Biosimilars are alternative versions of existing biological medicines (also known as biologics). They are developed once the patents and period of market protection for the biological drug they are based on has expired. This expiration allows other manufacturers to replicate the biological drug, known as an “originator” or “reference drug”, with a version that is highly similar and shown to be similar to the original in terms of its quality, safety, and efficacy. Much like the drugs they are based on, biosimilars are derived from the tissues, cells, and proteins of biological organisms such as animals or some microorganisms.
Although biological drugs have been used to treat some of the most deadly and difficult diseases and chronic conditions for several decades, they are also among the most expensive treatments on the market. The high costs of these drugs are accrued through their research and development, but as biosimilars are based on biological medicines that have already gone through this expensive process, they are far cheaper than the reference drug. This means that a biosimilar for a known cancer treatment such as trastuzumab, which has traditionally traded under the brand name of Herceptin, is now produced by other manufacturers and sold at lower prices. Biosimilars of trastuzumab can now be purchased under the brand names of Herzuma and Ontruzant.
This availability has significant benefits for patients and healthcare providers. According to Dr Donghoon Shin, vice-president of the medical and lifecycle safety team at Samsung Bioepis, a biopharmaceutical company developing high-quality biosimilar medicines: “In addition to creating competition and a healthy market environment, biosimilars can help patients receive treatment at an earlier stage before a disease progresses irreparably.”
He explained that a healthy and thriving biologic and biosimilar market would help to establish an important circle of sustainability within the healthcare system. By simultaneously sparking innovation for high-quality drugs, growing the market, and lowering costs, companies like Samsung Bioepis can ensure more patients not only have earlier access to treatments, but they also have more options too.
As the costs of cancer medicines are rising annually and sustainability of cancer care is becoming a critical topic for healthcare systems, the introduction of more biosimilar medicines can decrease the price of treatments for the NHS and hospital trusts. This is particularly crucial at a time when Covid-19 has introduced severe financial strains on healthcare services. By switching to biosimilar medicines, the NHS has announced it stands to save millions of pounds a year.
Given their high therapeutic potential, these medicines are already being used to treat several types of cancer, either in addressing the disease directly or managing the effects caused by other oncological treatments. An example of a direct treatment is the biosimilars for trastuzumab, which targets cancers that produce large amounts of a protein called “human epidermal growth factor receptor 2” (HER2). This protein can be found in early and advanced breast cancer and advanced cancers in the stomach and gastroesophageal junction (which regulates the flow of food and fluids between the oesophagus and the stomach). When given to a patient, trastuzumab works by attaching monoclonal antibodies – laboratory-created proteins that mimic the immune system’s ability to fight off harmful antigens like those on cancer cells – to the immune system cells, which stops the cancer cells from growing and dividing.

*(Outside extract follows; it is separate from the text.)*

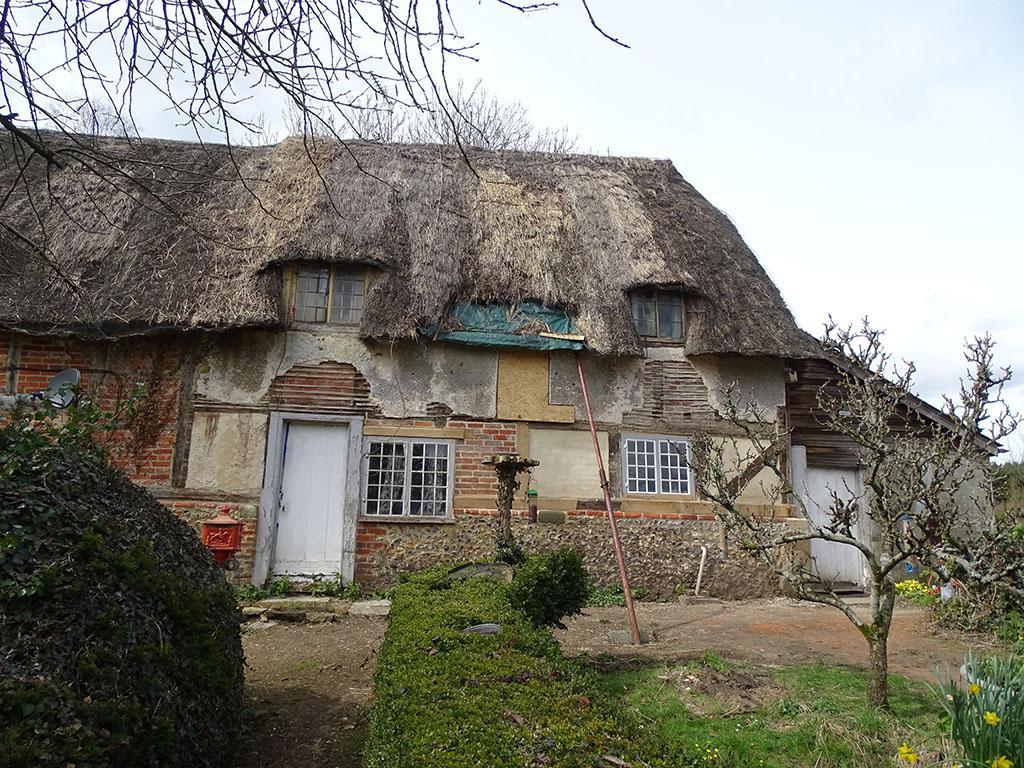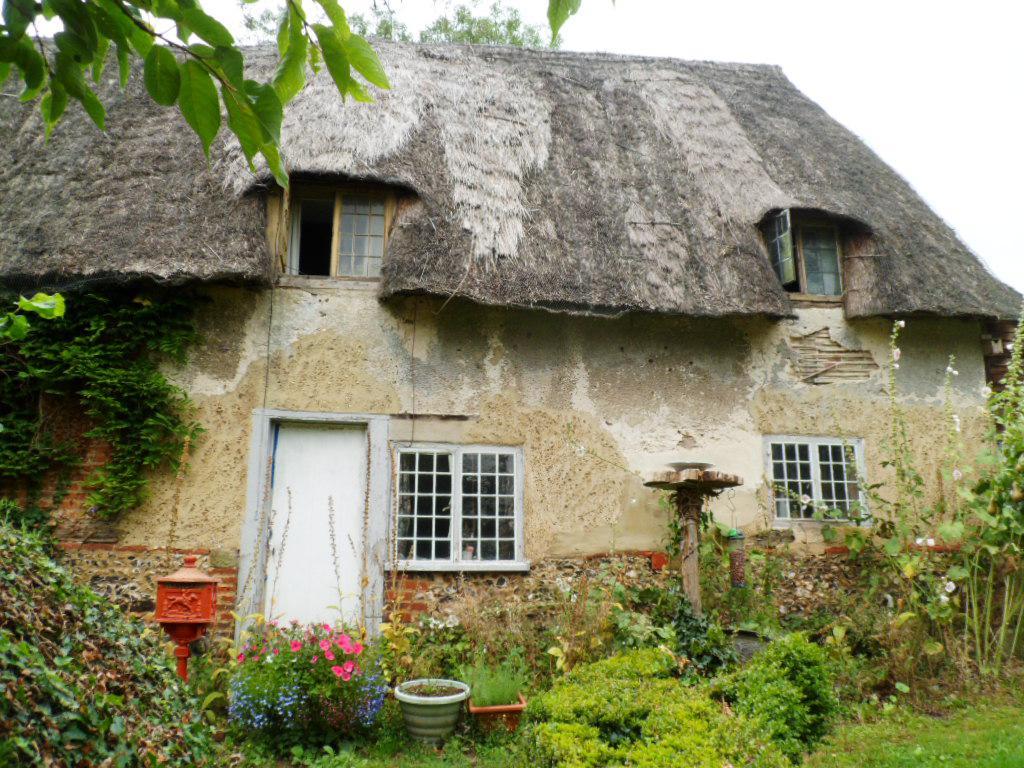The first image is the image on the left, the second image is the image on the right. Assess this claim about the two images: "In at least one image there is a house with exposed wood planks about a white front door.". Correct or not? Answer yes or no. Yes. The first image is the image on the left, the second image is the image on the right. For the images shown, is this caption "There is a house with a thatch roof with two dormered windows, the home has a dark colored door and black lines on the front of the home" true? Answer yes or no. No.

All new biosimilars undergo extensive testing to ensure there are no clinically meaningful differences between them and the reference medicine. According to NHS England, to abide by the principle of shared decision making, the choice to prescribe a biosimilar medicine ultimately rests with the responsible clinician in consultation with the patient. If a patient is already established on a reference drug, they can be switched to a biosimilar medicine through this process and should not expect any adverse outcomes from the alternative drug.
Ultimately the uptake of biosimilar medication to treat a prolific disease like cancer, whose consequences are unfortunately known by so many people, can only be seen as a positive.
“The demand for greater access to affordable, effective cancer treatments around the world is propelling the rapid development of biosimilars, which are often priced at around 70% below the original targeted biological therapy. It is hoped that increasing availability of biosimilars will not only improve patient access, it may potentially stimulate price competition with big brands of these medicines,” explains Shin.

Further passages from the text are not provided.